Q: What’s the time complexity of sorting J integer scores which are all [1, N], possibly non-unique?

This is classic counting sort. My book [[algo in a nutshell]] incorrectly says O(J). Incorrect when N is large.

My analysis below uses a total of three dimensions N, J and K, where N and J can be vastly different, and K <=min(N, J), but K could be much smaller.

====analysis

Textbook counting sort is listed at the bottom. If N is smaller than **J**, then O(N+**J**) is dominated by O(**J**). Now suppose N is huge (like the revenue figure of a company).

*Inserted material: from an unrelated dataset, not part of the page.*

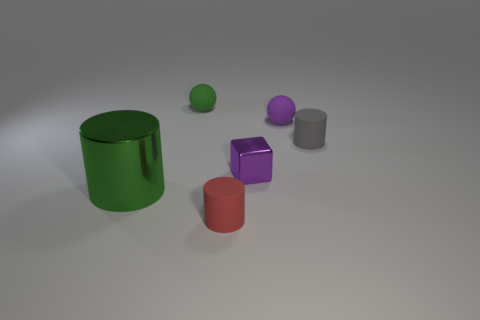Add 2 large yellow matte objects. How many objects exist? 8 Subtract all spheres. How many objects are left? 4 Add 4 green things. How many green things exist? 6 Subtract 0 gray spheres. How many objects are left? 6 Subtract all purple matte objects. Subtract all tiny blue matte cubes. How many objects are left? 5 Add 2 small cylinders. How many small cylinders are left? 4 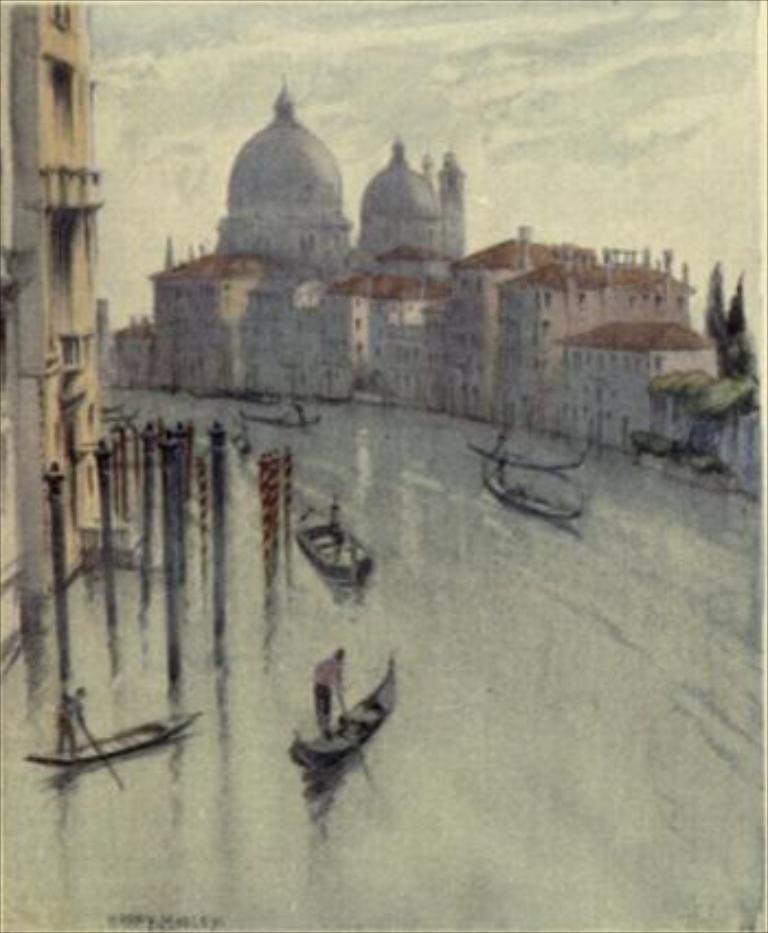Describe this image in one or two sentences. This is a image of the river where we can see there are some boats sailing, beside that there are some buildings.

Suppose there are K distinct scores among the J scores. I would want a constant-time translation from each distinct score to a distinct counter. I wish there’s a perfect hashing from the K scores to K buckets but I think it’s impossible since the K distinct values are not known in advance. Even with imperfect hashing, I can get O(1) translation from each score value to a distinct counter. I will iterate over the J scores. For each,

- look up (on hash table) the corresponding counter.
- If the score is new i.e. missing from the hash table,
- then create a counter
- add the “pair” {score -> counter} into the hash table.
- Also insert the score into a min-heap

- increment the counter

O(K logK) : Now pop the min-heap K times, each time to get a distinct score in ascending order. Lookup the score in hash table to get the counter. If counter for score 55 the count is 3, then output 55 three times. This output would be a sorted sequence of the original J scores.

— comparing with alternatives: Mine is O(J + K logK). If K*logK exceeds N, then I would fall back to standard counting sort.

The comparison-based sort would be O(J logJ), inferior to mine if K is much smaller than J.

The textbook counting sort would be O(J + N) , using N independent counters.